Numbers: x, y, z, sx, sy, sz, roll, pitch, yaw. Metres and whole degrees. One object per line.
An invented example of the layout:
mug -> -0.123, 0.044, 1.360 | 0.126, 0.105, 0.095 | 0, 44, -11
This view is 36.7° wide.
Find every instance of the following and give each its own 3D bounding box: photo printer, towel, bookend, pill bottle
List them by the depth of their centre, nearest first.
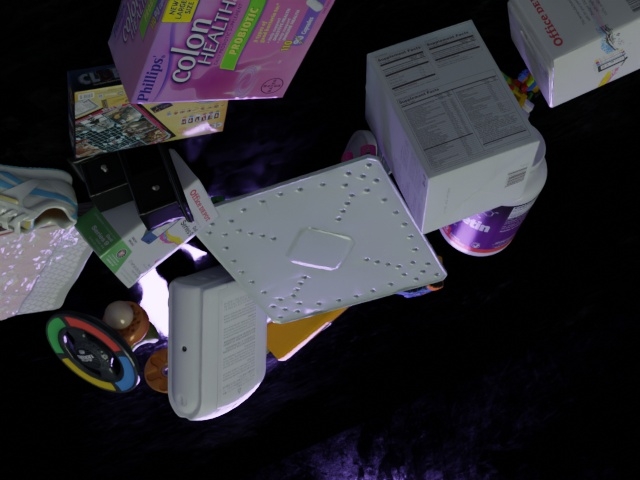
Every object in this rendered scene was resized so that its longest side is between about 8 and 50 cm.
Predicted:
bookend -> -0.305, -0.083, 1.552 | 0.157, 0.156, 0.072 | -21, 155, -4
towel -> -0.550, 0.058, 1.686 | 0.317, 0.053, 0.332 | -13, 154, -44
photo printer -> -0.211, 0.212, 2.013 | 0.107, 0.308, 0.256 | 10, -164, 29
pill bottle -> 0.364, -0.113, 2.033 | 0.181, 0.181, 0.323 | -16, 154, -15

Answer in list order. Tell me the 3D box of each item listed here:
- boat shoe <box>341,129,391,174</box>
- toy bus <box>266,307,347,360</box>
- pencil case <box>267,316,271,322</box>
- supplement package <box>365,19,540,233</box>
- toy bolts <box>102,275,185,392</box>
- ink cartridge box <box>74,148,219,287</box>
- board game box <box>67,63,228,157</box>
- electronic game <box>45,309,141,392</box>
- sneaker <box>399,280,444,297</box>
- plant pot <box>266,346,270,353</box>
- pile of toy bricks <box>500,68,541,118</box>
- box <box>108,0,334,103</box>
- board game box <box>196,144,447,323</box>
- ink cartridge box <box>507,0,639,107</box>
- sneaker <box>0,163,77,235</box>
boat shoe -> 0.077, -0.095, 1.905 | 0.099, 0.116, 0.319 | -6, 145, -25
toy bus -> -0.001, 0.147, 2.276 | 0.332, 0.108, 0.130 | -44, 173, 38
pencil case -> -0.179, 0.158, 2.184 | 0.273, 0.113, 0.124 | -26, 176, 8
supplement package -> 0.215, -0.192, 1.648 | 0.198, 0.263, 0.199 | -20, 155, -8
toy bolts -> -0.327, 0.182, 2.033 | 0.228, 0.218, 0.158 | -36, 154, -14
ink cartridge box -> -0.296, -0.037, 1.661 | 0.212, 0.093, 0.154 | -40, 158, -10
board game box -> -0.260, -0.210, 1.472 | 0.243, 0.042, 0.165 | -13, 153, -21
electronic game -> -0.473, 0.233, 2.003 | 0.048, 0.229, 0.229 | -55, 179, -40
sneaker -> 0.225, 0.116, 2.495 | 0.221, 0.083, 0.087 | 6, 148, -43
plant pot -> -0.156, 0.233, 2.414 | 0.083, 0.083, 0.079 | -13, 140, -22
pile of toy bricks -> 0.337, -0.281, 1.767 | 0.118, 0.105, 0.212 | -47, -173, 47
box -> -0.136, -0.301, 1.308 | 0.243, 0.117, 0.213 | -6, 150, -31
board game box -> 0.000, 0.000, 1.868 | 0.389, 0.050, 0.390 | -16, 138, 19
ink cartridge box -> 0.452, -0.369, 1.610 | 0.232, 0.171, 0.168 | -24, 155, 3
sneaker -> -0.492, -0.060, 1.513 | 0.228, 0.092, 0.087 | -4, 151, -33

### Assigned task
When you write out the data, keep every line exact and drop the pictures.

### Solution to this problem
Numbers: x, y, z, sx, sy, sz, roll, pitch, yaw. Metres and whole degrees. One object per line.
An invented example of the layout:
mug -> -0.123, 0.044, 1.360 | 0.126, 0.105, 0.095 | 0, 44, -11
This view is 36.7° wide.
Find every instance of the following and give each its own 3D bounding box: photo printer, towel, bookend, pill bottle
List them by the depth of their centre, nearest first.
Every object in this rendered scene was resized so that its longest side is between about 8 and 50 cm.
Predicted:
bookend -> -0.305, -0.083, 1.552 | 0.157, 0.156, 0.072 | -21, 155, -4
towel -> -0.550, 0.058, 1.686 | 0.317, 0.053, 0.332 | -13, 154, -44
photo printer -> -0.211, 0.212, 2.013 | 0.107, 0.308, 0.256 | 10, -164, 29
pill bottle -> 0.364, -0.113, 2.033 | 0.181, 0.181, 0.323 | -16, 154, -15

Answer in list order. Tell me the 3D box of each item listed here:
- boat shoe <box>341,129,391,174</box>
- toy bus <box>266,307,347,360</box>
- pencil case <box>267,316,271,322</box>
- supplement package <box>365,19,540,233</box>
- toy bolts <box>102,275,185,392</box>
- ink cartridge box <box>74,148,219,287</box>
- board game box <box>67,63,228,157</box>
- electronic game <box>45,309,141,392</box>
- sneaker <box>399,280,444,297</box>
- plant pot <box>266,346,270,353</box>
- pile of toy bricks <box>500,68,541,118</box>
- box <box>108,0,334,103</box>
- board game box <box>196,144,447,323</box>
- ink cartridge box <box>507,0,639,107</box>
- sneaker <box>0,163,77,235</box>
boat shoe -> 0.077, -0.095, 1.905 | 0.099, 0.116, 0.319 | -6, 145, -25
toy bus -> -0.001, 0.147, 2.276 | 0.332, 0.108, 0.130 | -44, 173, 38
pencil case -> -0.179, 0.158, 2.184 | 0.273, 0.113, 0.124 | -26, 176, 8
supplement package -> 0.215, -0.192, 1.648 | 0.198, 0.263, 0.199 | -20, 155, -8
toy bolts -> -0.327, 0.182, 2.033 | 0.228, 0.218, 0.158 | -36, 154, -14
ink cartridge box -> -0.296, -0.037, 1.661 | 0.212, 0.093, 0.154 | -40, 158, -10
board game box -> -0.260, -0.210, 1.472 | 0.243, 0.042, 0.165 | -13, 153, -21
electronic game -> -0.473, 0.233, 2.003 | 0.048, 0.229, 0.229 | -55, 179, -40
sneaker -> 0.225, 0.116, 2.495 | 0.221, 0.083, 0.087 | 6, 148, -43
plant pot -> -0.156, 0.233, 2.414 | 0.083, 0.083, 0.079 | -13, 140, -22
pile of toy bricks -> 0.337, -0.281, 1.767 | 0.118, 0.105, 0.212 | -47, -173, 47
box -> -0.136, -0.301, 1.308 | 0.243, 0.117, 0.213 | -6, 150, -31
board game box -> 0.000, 0.000, 1.868 | 0.389, 0.050, 0.390 | -16, 138, 19
ink cartridge box -> 0.452, -0.369, 1.610 | 0.232, 0.171, 0.168 | -24, 155, 3
sneaker -> -0.492, -0.060, 1.513 | 0.228, 0.092, 0.087 | -4, 151, -33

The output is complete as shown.